Schule in der Ukraine : L’enseignement sous terre

Contexte de l’enseignement en temps de guerre

Dans la ville de Saporichschja, la menace permanente de frappes russes oblige les enfants à suivre des cours sept mètres sous terre. La distance à la ligne de front, située à seulement 30 kilomètres, rend chaque jour un peu plus critique la situation. Pourtant, la vie scolaire continue dans un lieu peu conventionnel : un ancien bunker transformé en lycée.

Une salle de classe moderne sous terre

Chaque matin, Julia Bondarenko, enseignante d’allemand au Lycée n° 46, descend une lourde porte en fer pour rejoindre sa classe.
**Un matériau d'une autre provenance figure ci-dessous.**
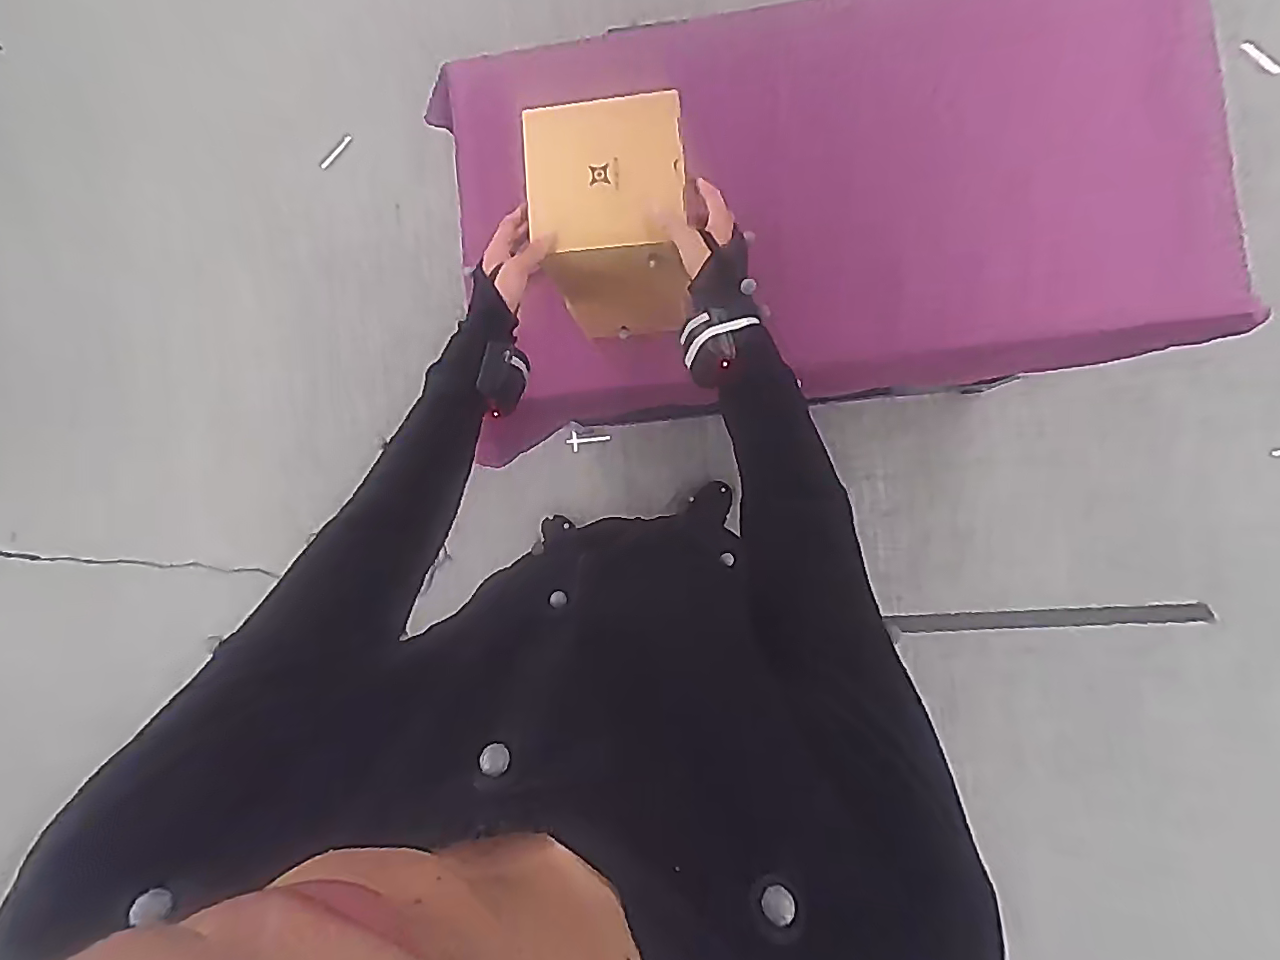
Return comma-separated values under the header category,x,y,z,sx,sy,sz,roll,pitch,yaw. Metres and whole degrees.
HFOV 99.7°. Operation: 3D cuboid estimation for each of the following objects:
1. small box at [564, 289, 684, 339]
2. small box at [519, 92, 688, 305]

À l’intérieur, les élèves découvrent des salles équipées de tableaux numériques, de mobilier coloré, et d’espaces de détente. “Nous avons installé tout le nécessaire pour un enseignement moderne”, explique-t-elle. Le cadre vise à offrir une atmosphère d’apprentissage stimulante, mêlant sérieux et moments ludiques.

Un lieu d’éducation sécurisé

La transformation de ce bunker en établissement scolaire a été décidée par le conseil militaire régional, offrant ainsi un espace de sécurité pour les jeunes face aux bombes et aux drones ennemis. Le lycée peut accueillir jusqu’à 500 personnes, et les cours se déroulent par sessions : le matin pour les plus jeunes et l’après-midi pour les plus âgés.

Le bien-être des élèves au cœur des préoccupations

Pour Ellina, une élève de dixième année, l’environnement souterrain а ses avantages. “Les salles sont plus modernes qu’en haut, ici je me sens plus en sécurité.” Ses camarades, comme Kira, partagent ce sentiment : “Nous sommes heureux. Ici, nous pouvons nous concentrer sur nos rêves sans craindre les missiles.”

Ce lieu devient alors un havre où l’on peut, un instant, oublier le bruit de la guerre qui gronde à l’extérieur.

Des craintes pour l’avenir

Cependant, la réalité est souvent présente, avec un constant rappel des dangers d’une invasion en cours. Les adolescents s’inquiètent de leur avenir. “Je veux étudier le design graphique, mais je ne suis pas sûre de vouloir rester ici”, confie Ellina. La profonde fragilité de la situation est palpable ; des jeunes se demandent comment leur pays pourra un jour retrouver la paix et la stabilité.

L’espoir au milieu de l’incertitude

Malgré tout, Julia Bondarenko continue d’encourager ses élèves à envisager de grandes aspirations, y compris la possibilité d’étudier à l’étranger, en Allemagne, un pays qu’elle apprécie. “Il faut garder espoir, même dans les moments les plus sombres. Nous devons vivre le moment présent et faire des projets”, déclare-t-elle.

Conclusion : Un désir de paix

Sous terre, le besoin de lumière et de ciel reste fort. Julia aspire à ce que la guerre prenne fin. “Il me manque les fenêtres et le ciel”, avoue-t-elle. Mais au milieu de ce quotidien atypique, il existe un désir puissant d’avenir, d’éducation, et de paix, qui ne saurait être étouffé, même par la guerre.